In directives where
Spark is not the preferred runtime target, character columns are truncated
based on the value of the field Maximum length for SAS
columns. This field is available in the General
Preferences panel of the Configuration window.
The default value is 1024 characters. Source columns with string data
types such as VAR and VARCHAR are truncated in SAS when their length
exceeds the specified limit. The truncation occurs when SAS reads
source columns into memory.
In Spark-enabled directives,
the truncation of string columns differs between source columns that
return a length, and source columns that do not return a length. Hive
releases prior to 0.14.0 do not return a length for VAR and VARCHAR
columns.
When Spark is enabled,
and when columns do return a string length,
strings are truncated according to the value of the configuration
option EXPRESS_MAX_STRING_LENGTH. The value of the Maximum
length for SAS columns field is ignored.
When Spark is enabled,
and when string columns do not return a length,
strings are truncated differently. The maximum string length is determined
by the lesser value of the configuration option EXPRESS_MAX_STRING_LENGTH
or the field Maximum length for SAS columns.
The default value of
the EXPRESS_MAX_STRING_LENGTH configuration option is 5 MB. To specify
a different value, ask your Hadoop administrator to update the app.cfg
file on each node that runs the SAS Data Management Accelerator for
Spark. In those files, add or update the label/value pair for EXPRESS_MAX_STRING_LENGTH.

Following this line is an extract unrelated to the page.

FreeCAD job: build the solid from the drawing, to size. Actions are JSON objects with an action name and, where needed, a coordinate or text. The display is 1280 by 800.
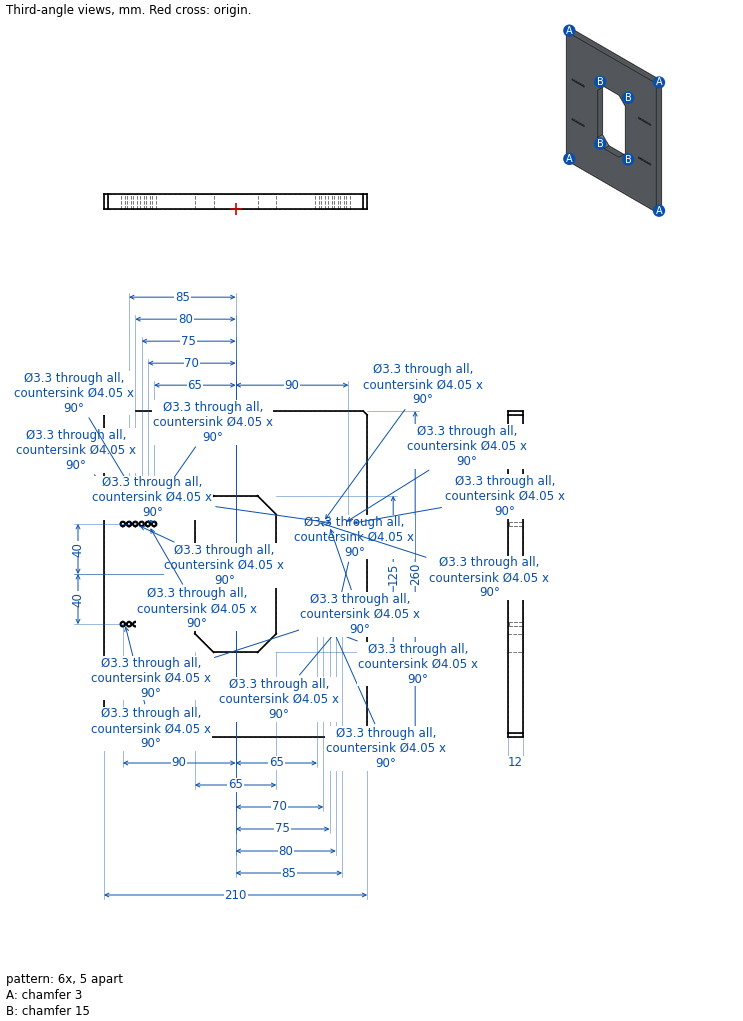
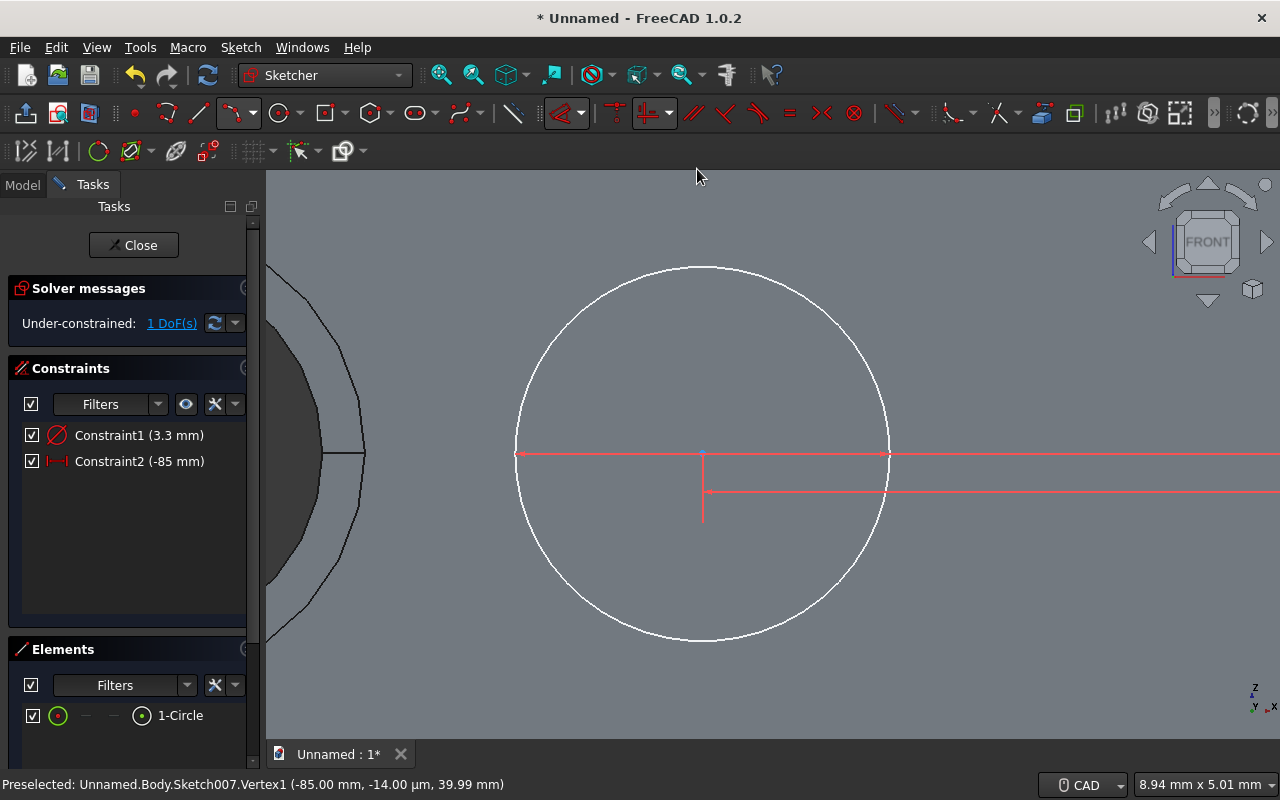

Note: The value of EXPRESS_MAX_STRING_LENGTH
also specifies the maximum amount of memory that is allocated for
the underlying expression. For this reason, Hadoop administrators
should be judicious when changing the default value.
VAR and VARCHAR columns
that do not return a length are converted to the STRING type in the
target so that they can receive a default length. To retain the original
column types, use the Manage Columns task in the directive. In Manage
Columns, the type of the target column needs to be VAR or VARCHAR
and a length specification is required.